La clasificación del Gran Premio de Arabia Saudita estuvo de infarto, a pesar del predominio de McLaren durante las tres prácticas libres y las primeras dos etapas de clasificación, una mala decisión de Lando Norris complicó al equipo Papaya y su liderazgo en el Campeonato de Pilotos. Max Verstappen (Red Bull) logró aprovechar este incidente y se quedó en la pole position con tan solo 10 milésimas de diferencia.

Norris llevaba liderando todas las carreras e incluso lograba sacar décimas de ritmo de carrera al tetracampeón, manteniendo la pole y facilitando la llegada de su compañero Oscar Piastri en el segundo lugar. Sin embargo, en unas vueltas rápidas a los 8 minutos de la Q3, Norris peor control de su monoplaza y se impactó contra un muro en el circuito de Jeddah. Desafortunadamente, el choque generó severos daños en la rueda delantera izquierda, provocando unos minutos de banderas rojas.

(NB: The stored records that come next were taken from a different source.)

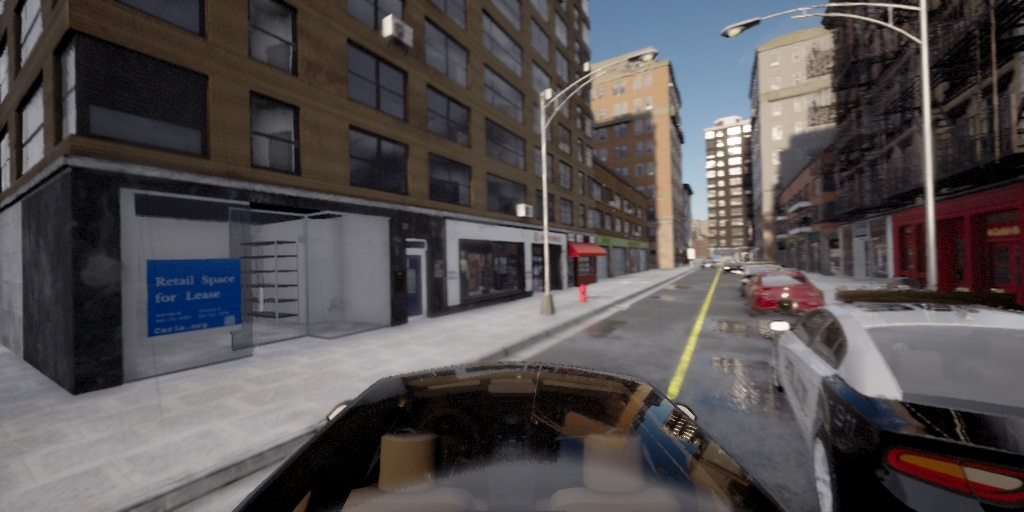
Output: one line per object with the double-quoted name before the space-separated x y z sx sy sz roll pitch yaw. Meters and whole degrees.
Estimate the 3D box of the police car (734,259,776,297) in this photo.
"police car" 11.984 1.064 17.181 1.930 1.638 5.238 -2 -1 31

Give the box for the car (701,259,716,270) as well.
"car" 28.139 1.139 51.346 2.128 1.511 4.902 -2 -1 31

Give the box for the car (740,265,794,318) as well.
"car" 8.864 1.180 11.928 1.812 1.442 4.674 -2 -1 31

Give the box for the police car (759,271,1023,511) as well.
"police car" 3.808 1.104 3.428 1.930 1.638 5.238 -2 -1 31

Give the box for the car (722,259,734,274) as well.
"car" 23.218 1.206 37.579 1.895 1.301 4.718 -2 -1 31
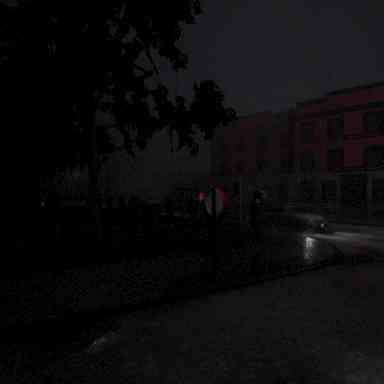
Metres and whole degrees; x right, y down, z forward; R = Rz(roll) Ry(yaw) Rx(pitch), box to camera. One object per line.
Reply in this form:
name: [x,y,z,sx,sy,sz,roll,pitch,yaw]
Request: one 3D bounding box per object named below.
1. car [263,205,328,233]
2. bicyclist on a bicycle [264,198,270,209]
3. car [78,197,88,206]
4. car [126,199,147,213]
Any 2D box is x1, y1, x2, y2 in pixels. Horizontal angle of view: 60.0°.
car: [5.747,1.526,19.957,1.812,1.442,4.674,0,0,-35]
bicyclist on a bicycle: [7.151,1.348,32.517,1.656,1.620,0.582,0,0,-35]
car: [-16.556,1.482,51.478,1.882,1.535,5.008,0,0,-35]
car: [-5.391,1.504,35.650,1.837,1.490,4.892,0,0,-35]
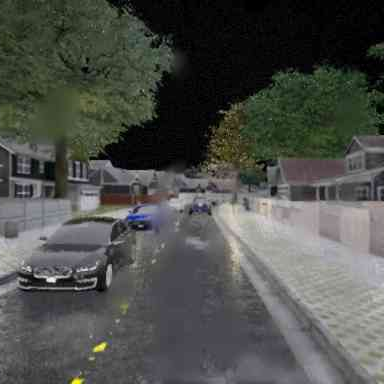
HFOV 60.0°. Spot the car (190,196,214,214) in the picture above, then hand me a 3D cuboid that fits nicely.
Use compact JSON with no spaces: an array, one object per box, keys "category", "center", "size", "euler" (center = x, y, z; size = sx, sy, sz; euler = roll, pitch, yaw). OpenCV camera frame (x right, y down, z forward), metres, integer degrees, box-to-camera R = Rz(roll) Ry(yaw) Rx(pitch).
[{"category":"car","center":[0.916,1.309,34.266],"size":[2.097,1.767,4.553],"euler":[1,0,3]}]

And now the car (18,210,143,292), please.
[{"category":"car","center":[-2.712,1.467,8.932],"size":[1.837,1.490,4.892],"euler":[1,0,1]}]

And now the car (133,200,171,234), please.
[{"category":"car","center":[-2.518,1.428,19.169],"size":[1.882,1.535,5.008],"euler":[1,0,1]}]

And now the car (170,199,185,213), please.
[{"category":"car","center":[-1.870,1.463,36.640],"size":[1.812,1.442,4.674],"euler":[1,0,4]}]

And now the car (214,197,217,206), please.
[{"category":"car","center":[3.047,1.460,54.322],"size":[1.812,1.442,4.674],"euler":[1,0,9]}]
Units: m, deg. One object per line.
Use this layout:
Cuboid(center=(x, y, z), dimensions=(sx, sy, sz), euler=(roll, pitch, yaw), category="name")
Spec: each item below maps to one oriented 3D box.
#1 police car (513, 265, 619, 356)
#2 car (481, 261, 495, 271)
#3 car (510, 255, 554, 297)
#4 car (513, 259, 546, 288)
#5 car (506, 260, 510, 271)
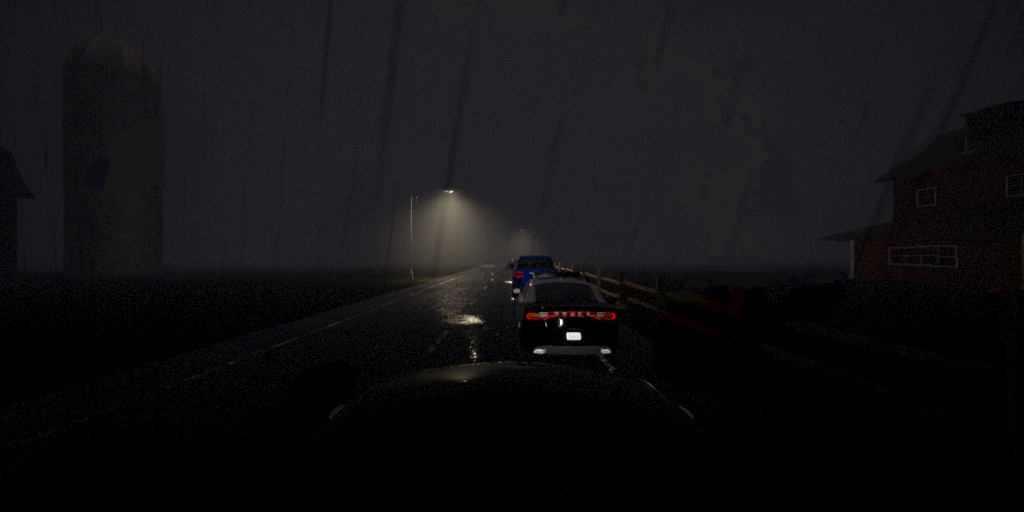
Cuboid(center=(1.069, 1.180, 8.757), dimensions=(1.930, 1.638, 5.238), euler=(0, 0, 0), category="police car")
Cuboid(center=(-3.387, 1.431, 51.143), dimensions=(1.895, 1.301, 4.718), euler=(0, 0, 0), category="car")
Cuboid(center=(1.091, 0.990, 18.679), dimensions=(2.150, 2.045, 5.566), euler=(0, 0, 0), category="car")
Cuboid(center=(1.103, 1.125, 24.619), dimensions=(2.097, 1.767, 4.553), euler=(0, 0, 0), category="car")
Cuboid(center=(0.162, 1.306, 50.371), dimensions=(1.882, 1.535, 5.008), euler=(0, 0, 1), category="car")

Esta opoertunidad generó que cuando la carrera se reanudó, ya que durante las banderas rojas el tiempo de clasificación se detiene, Verstappen realizó una serie de vueltas rápidas en el final del tramo de la Q3 y a pesar de los esfuerzos de Piastri no pudo superar en ritmo de carrera al neerlandés, y quedó en segundo lugar.

Mientras que Norris no pudo regresar a la pista y marcar tiempo por lo que quedó clasificado en el décimo lugar de la parrilla. De esta manera, la salida para mañana iniciará con Verstappen en el primer lugar, seguido de Piastri y cerrando el tercer lugar con George Russell (Mercedes).

La clave estará en la gestión de neumáticos y el uso de los compuestos duros como blandos a una sola parada. El desafío del circuito de 50 vueltas está en las tres zonas de DRS que tiene la pista y saber mantener la velocidad sin tocar los muros como ocurrió con Norris y Yuki Tsunoda.

Mañana a las 14 horas (ARG) 20 pilotos recorrerán los 6.174 km por un nuevo Gran Premio que definirá el liderazgo del Campeonato de Pilotos.